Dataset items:
/---

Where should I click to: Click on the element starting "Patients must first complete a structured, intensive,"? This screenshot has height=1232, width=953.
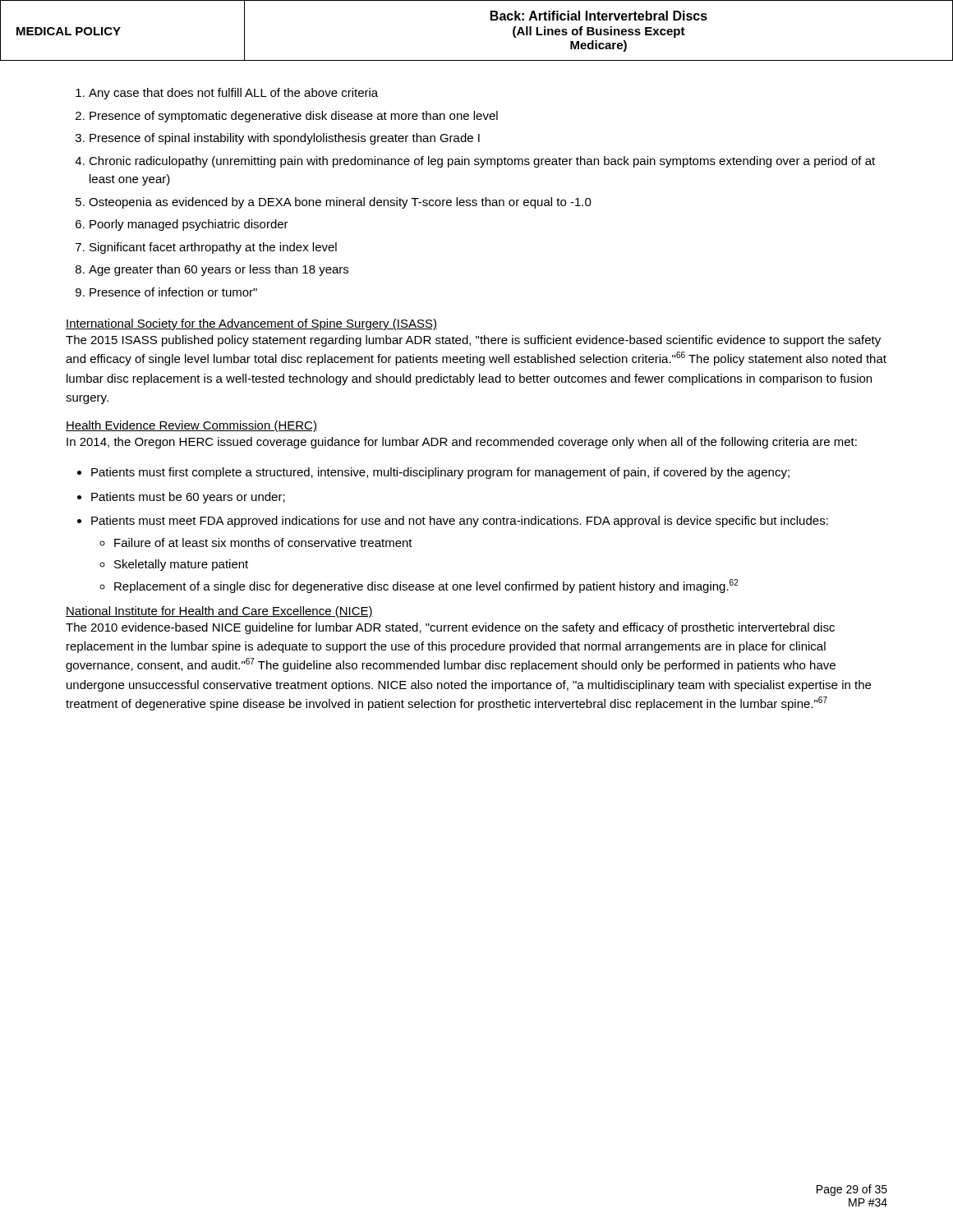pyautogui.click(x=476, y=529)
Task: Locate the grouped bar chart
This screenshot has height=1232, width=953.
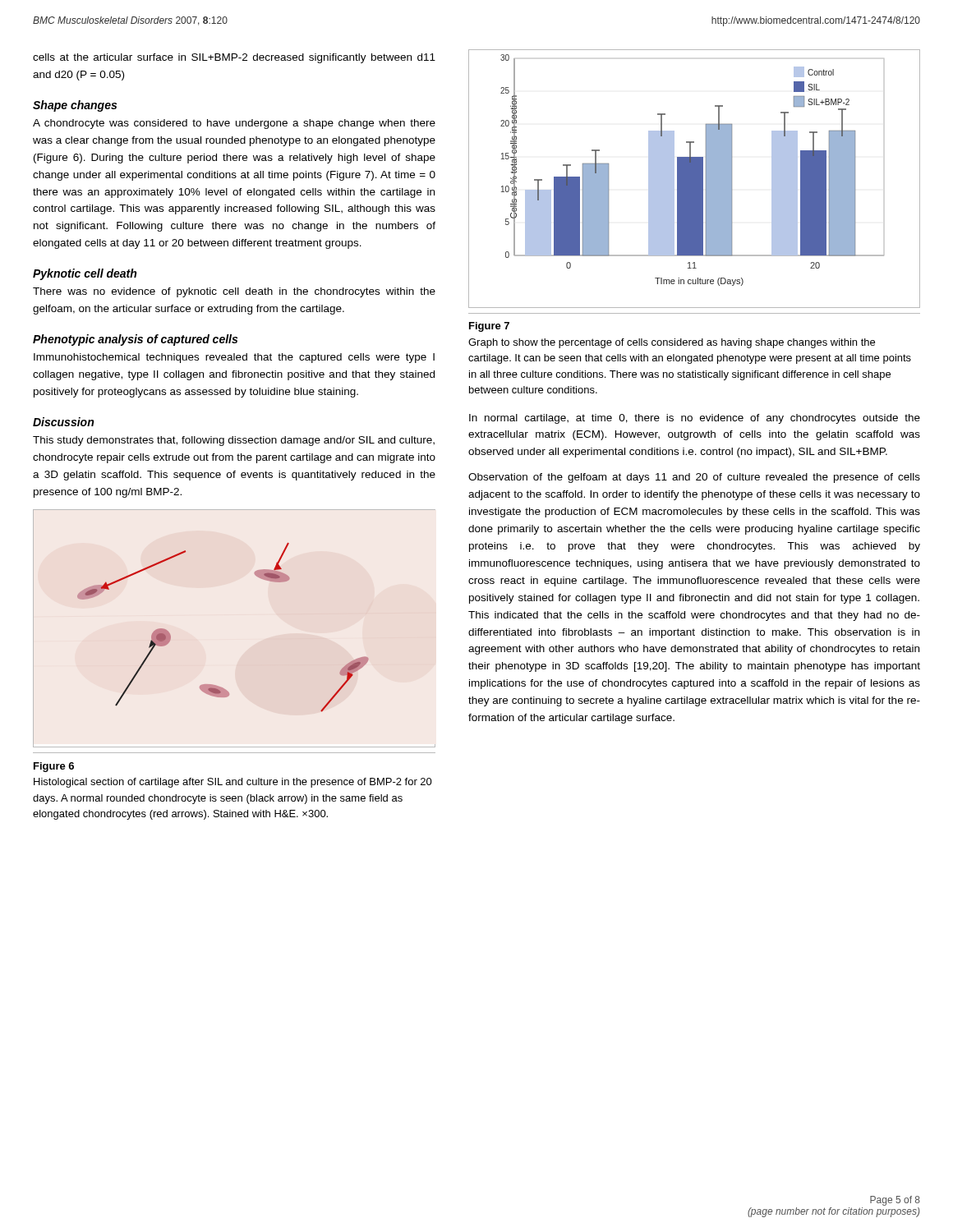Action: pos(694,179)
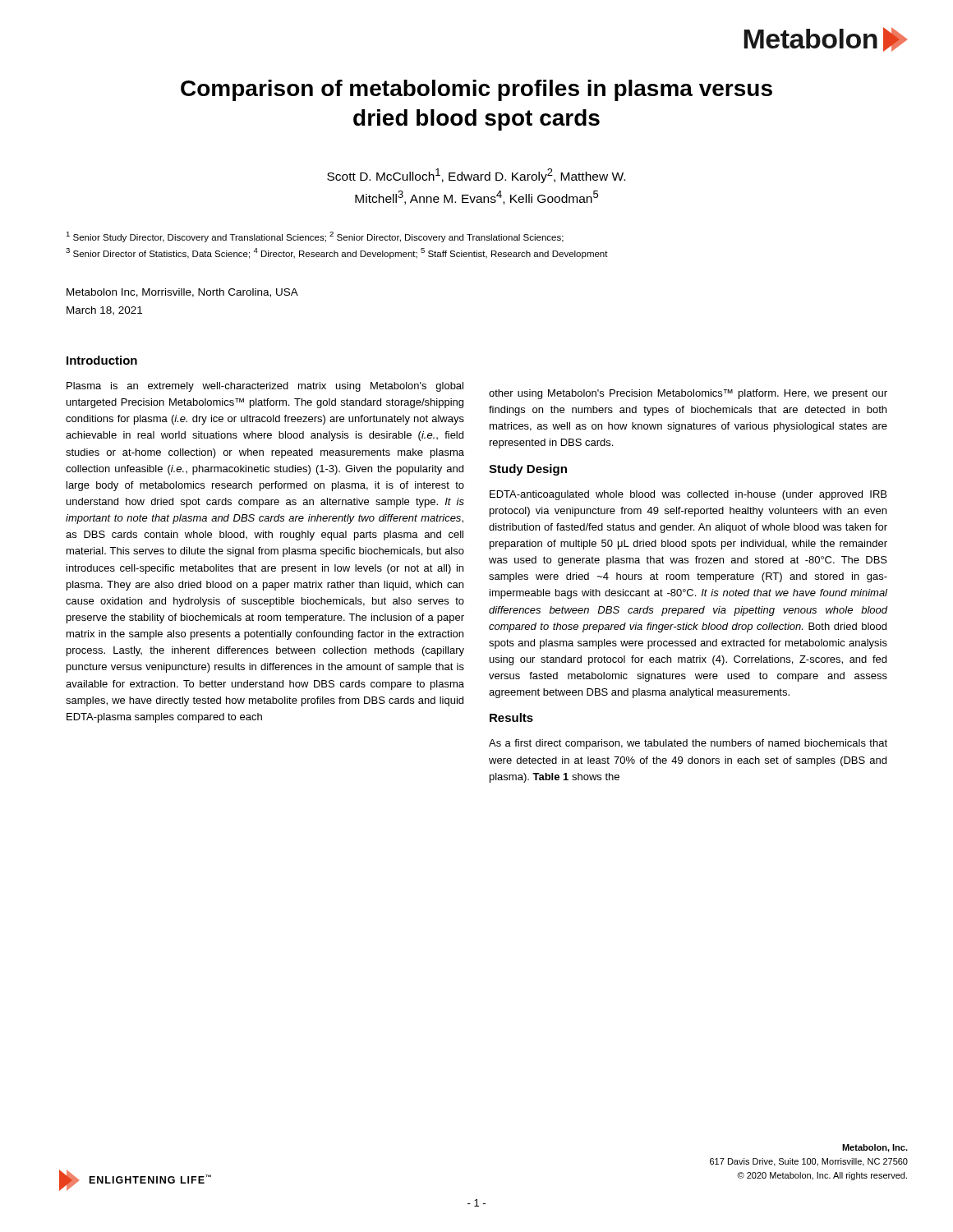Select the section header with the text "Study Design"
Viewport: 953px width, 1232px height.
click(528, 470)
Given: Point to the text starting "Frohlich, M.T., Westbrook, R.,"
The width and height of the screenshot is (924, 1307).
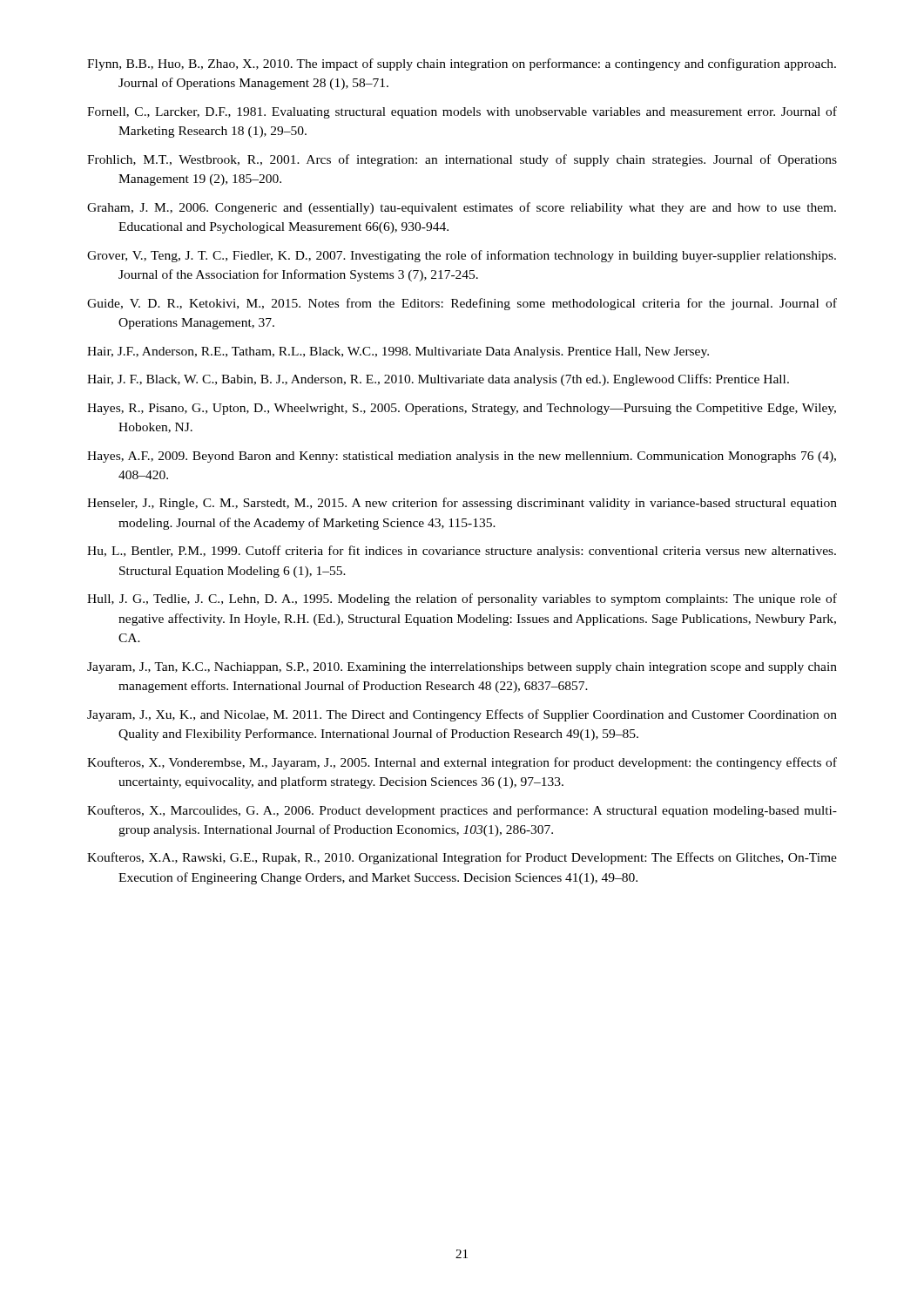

\---
/---

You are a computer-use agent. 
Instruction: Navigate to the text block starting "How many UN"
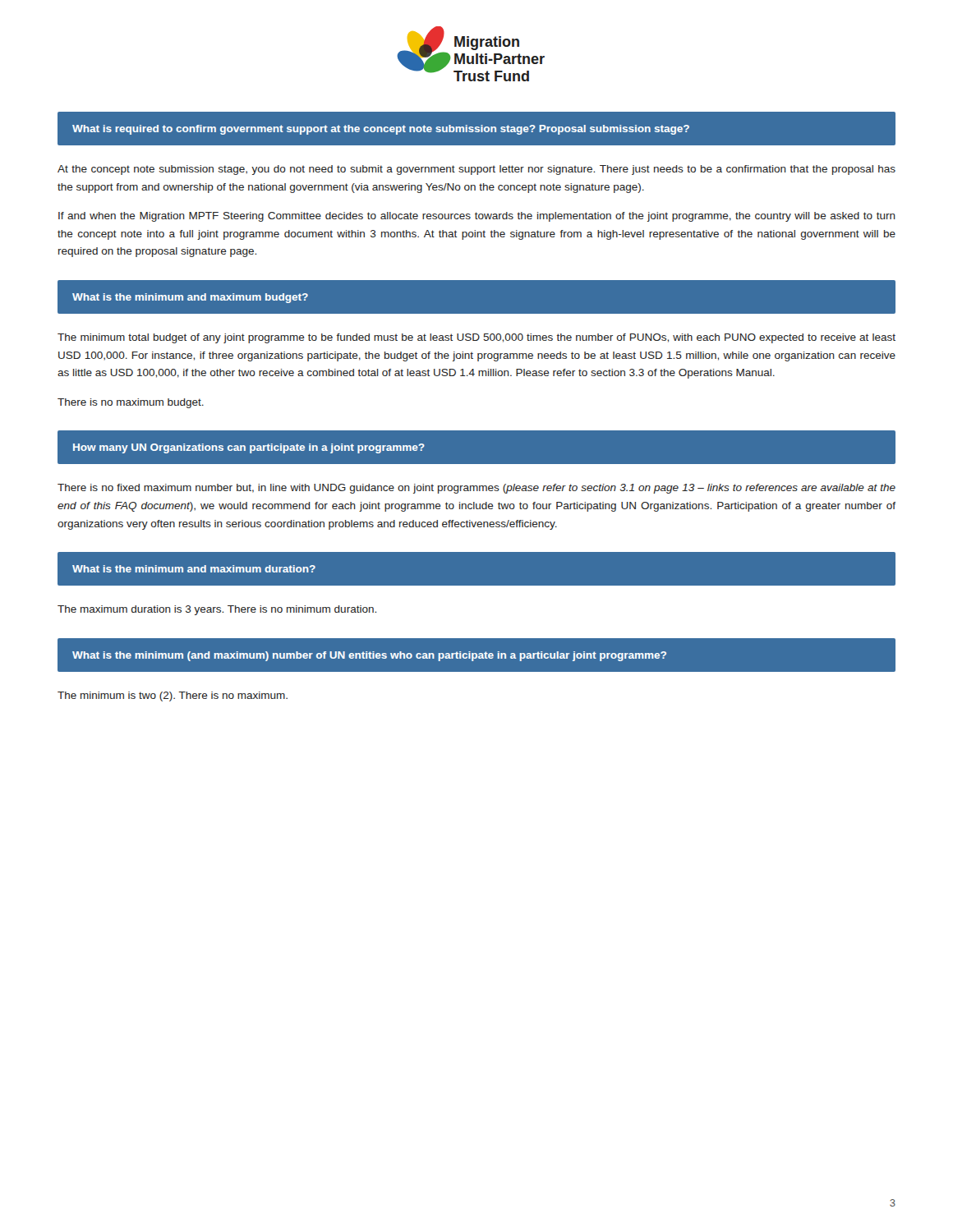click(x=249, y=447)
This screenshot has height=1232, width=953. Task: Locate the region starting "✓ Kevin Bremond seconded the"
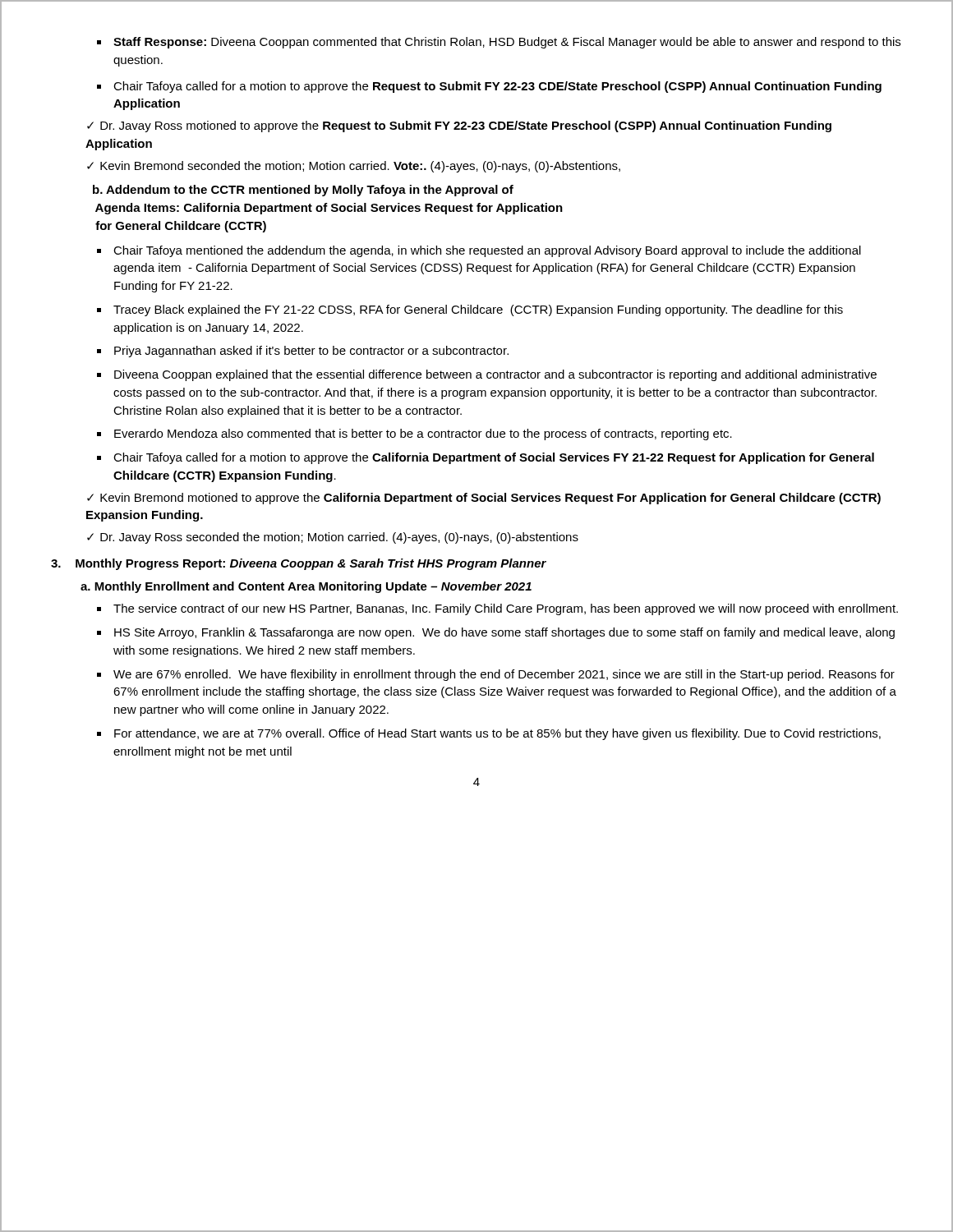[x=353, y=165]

\---

> [What you are asked to do]: Transcribe only the lines above that start at the line containing "Where should I" and end at the line containing "The width and". Omit pictures.

> [The completed task]:
Where should I click to: Click on the element starting "Patients must first complete a structured, intensive,"? This screenshot has height=1232, width=953.
pyautogui.click(x=476, y=529)
Task: Locate the grouped bar chart
This screenshot has height=1232, width=953.
Action: pos(694,179)
Select the section header with the text "Study Design"
Viewport: 953px width, 1232px height.
click(528, 470)
Given: Point to the text starting "Frohlich, M.T., Westbrook, R.,"
The width and height of the screenshot is (924, 1307).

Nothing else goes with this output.